### Records to use

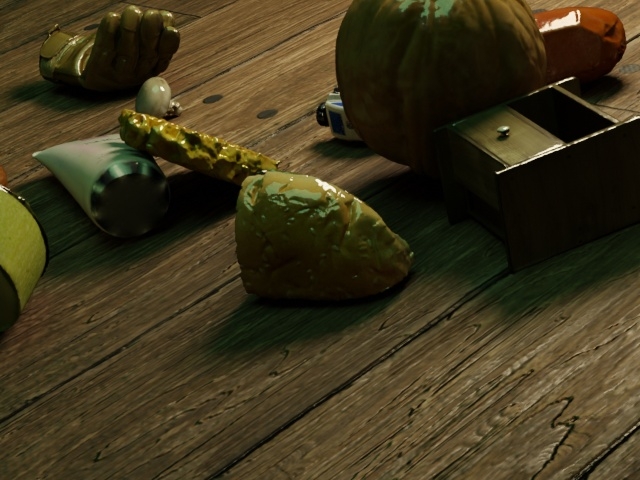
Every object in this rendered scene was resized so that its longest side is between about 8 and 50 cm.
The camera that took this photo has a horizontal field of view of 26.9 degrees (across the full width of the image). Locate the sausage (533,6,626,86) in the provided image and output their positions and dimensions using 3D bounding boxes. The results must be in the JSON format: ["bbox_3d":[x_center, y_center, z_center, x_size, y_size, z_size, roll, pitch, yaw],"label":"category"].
[{"bbox_3d":[0.336,-0.285,2.032,0.258,0.133,0.133,-14,28,8],"label":"sausage"}]

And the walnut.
[{"bbox_3d":[0.162,-0.230,1.811,0.277,0.313,0.252,-13,38,-16],"label":"walnut"}]

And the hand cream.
[{"bbox_3d":[-0.321,-0.108,2.023,0.185,0.118,0.358,-14,22,-16],"label":"hand cream"}]

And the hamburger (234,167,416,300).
[{"bbox_3d":[0.000,0.000,1.643,0.207,0.155,0.135,14,42,30],"label":"hamburger"}]

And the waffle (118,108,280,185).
[{"bbox_3d":[-0.207,-0.141,1.951,0.219,0.057,0.229,17,4,-41],"label":"waffle"}]

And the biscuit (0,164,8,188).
[{"bbox_3d":[-0.645,-0.075,2.103,0.262,0.052,0.277,12,30,13],"label":"biscuit"}]

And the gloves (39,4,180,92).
[{"bbox_3d":[-0.377,-0.342,2.441,0.331,0.141,0.154,-2,3,41],"label":"gloves"}]

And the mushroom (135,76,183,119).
[{"bbox_3d":[-0.273,-0.234,2.277,0.079,0.085,0.085,14,17,-25],"label":"mushroom"}]

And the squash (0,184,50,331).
[{"bbox_3d":[-0.471,0.030,1.733,0.220,0.220,0.133,-6,39,14],"label":"squash"}]

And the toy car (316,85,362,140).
[{"bbox_3d":[0.075,-0.190,2.017,0.170,0.080,0.070,2,32,27],"label":"toy car"}]

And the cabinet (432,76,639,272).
[{"bbox_3d":[0.280,-0.090,1.671,0.215,0.148,0.175,-22,29,-13],"label":"cabinet"}]

######

Your response should consist solely of the lines from the one containing "And the toy car (316,85,362,140)." to the end of the entries, both ends included, exactly as they appear.

And the toy car (316,85,362,140).
[{"bbox_3d":[0.075,-0.190,2.017,0.170,0.080,0.070,2,32,27],"label":"toy car"}]

And the cabinet (432,76,639,272).
[{"bbox_3d":[0.280,-0.090,1.671,0.215,0.148,0.175,-22,29,-13],"label":"cabinet"}]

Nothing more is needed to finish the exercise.